*Information supplied*
========================

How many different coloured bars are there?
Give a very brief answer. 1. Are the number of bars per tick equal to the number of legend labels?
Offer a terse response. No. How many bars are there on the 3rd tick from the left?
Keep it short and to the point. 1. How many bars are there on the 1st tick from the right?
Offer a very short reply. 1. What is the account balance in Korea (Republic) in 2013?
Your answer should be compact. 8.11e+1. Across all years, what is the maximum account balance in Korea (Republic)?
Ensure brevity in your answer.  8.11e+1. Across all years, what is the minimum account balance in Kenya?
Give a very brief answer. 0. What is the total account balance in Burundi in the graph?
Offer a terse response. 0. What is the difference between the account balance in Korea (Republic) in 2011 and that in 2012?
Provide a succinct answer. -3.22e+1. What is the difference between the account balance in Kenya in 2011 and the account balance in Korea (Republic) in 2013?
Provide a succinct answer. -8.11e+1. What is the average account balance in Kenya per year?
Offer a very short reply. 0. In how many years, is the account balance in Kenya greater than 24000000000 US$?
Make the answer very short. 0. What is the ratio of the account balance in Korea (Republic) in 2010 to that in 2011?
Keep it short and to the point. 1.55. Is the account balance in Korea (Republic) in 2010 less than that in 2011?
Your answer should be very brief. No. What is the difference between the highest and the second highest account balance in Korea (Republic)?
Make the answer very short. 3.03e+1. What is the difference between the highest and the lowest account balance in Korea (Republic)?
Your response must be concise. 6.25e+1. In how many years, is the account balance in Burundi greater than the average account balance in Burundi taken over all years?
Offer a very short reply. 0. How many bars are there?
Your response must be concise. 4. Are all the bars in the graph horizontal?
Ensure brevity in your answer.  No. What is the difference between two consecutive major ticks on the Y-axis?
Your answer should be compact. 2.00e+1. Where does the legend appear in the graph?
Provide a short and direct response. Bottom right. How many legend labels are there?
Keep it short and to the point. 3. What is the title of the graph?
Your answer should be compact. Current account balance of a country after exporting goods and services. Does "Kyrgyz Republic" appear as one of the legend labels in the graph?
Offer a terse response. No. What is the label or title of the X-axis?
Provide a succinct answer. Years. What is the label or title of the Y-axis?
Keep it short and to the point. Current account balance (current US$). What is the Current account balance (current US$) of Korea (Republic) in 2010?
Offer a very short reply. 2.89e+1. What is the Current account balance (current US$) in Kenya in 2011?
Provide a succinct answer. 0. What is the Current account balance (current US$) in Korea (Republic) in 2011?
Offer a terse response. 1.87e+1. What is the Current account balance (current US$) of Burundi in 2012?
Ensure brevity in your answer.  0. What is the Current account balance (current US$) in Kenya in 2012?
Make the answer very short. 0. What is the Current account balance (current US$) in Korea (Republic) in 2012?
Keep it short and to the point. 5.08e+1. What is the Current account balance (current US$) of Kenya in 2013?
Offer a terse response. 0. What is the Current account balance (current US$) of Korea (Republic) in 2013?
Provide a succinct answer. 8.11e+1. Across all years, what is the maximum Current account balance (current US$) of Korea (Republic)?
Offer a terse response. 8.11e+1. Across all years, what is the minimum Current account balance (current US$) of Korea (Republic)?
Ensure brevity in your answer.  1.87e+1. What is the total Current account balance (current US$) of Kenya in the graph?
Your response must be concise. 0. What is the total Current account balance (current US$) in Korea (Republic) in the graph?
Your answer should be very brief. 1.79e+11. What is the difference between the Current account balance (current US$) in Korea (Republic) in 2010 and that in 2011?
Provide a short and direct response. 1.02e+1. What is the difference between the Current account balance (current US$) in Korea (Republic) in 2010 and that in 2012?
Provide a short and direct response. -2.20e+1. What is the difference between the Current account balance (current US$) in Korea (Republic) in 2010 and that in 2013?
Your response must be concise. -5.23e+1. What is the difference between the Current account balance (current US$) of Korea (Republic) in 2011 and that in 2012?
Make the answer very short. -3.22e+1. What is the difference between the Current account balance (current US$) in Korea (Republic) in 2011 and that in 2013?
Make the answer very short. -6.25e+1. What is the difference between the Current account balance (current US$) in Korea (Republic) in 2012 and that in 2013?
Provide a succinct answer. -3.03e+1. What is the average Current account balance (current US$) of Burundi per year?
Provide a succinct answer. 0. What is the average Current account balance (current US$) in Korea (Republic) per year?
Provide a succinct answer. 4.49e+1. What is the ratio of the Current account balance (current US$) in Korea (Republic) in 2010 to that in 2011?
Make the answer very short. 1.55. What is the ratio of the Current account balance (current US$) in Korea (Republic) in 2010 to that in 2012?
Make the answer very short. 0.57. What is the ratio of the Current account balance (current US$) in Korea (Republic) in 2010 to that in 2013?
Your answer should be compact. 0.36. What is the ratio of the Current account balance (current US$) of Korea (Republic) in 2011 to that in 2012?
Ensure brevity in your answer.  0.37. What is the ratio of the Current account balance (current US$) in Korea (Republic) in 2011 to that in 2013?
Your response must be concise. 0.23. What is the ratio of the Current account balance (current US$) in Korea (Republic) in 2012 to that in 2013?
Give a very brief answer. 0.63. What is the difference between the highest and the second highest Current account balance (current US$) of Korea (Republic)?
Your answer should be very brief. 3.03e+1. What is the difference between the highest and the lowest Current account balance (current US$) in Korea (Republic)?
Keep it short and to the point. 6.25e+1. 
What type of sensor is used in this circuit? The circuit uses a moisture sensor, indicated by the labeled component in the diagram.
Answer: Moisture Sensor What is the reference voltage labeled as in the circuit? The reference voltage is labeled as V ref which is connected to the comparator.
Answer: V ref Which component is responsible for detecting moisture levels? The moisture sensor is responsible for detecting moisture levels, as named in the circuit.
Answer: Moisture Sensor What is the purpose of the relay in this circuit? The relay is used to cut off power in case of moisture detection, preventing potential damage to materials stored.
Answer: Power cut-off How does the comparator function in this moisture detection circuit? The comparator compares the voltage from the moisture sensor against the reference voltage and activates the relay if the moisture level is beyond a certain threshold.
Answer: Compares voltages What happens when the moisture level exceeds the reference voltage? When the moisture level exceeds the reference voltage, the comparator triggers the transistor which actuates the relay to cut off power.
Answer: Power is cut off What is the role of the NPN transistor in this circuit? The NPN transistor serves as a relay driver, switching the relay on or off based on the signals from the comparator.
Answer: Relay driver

========================

*Work instructions*
Reproduce exactly the lines of the records above from the one with "Kenya in the graph?" to the one with "Your answer should be very brief. 1.79e+11.", both included, and leave out everything else.

*Reply*
Ensure brevity in your answer.  1.87e+1. What is the total Current account balance (current US$) of Kenya in the graph?
Your response must be concise. 0. What is the total Current account balance (current US$) in Korea (Republic) in the graph?
Your answer should be very brief. 1.79e+11. What is the difference between the Current account balance (current US$) in Korea (Republic) in 2010 and that in 2011?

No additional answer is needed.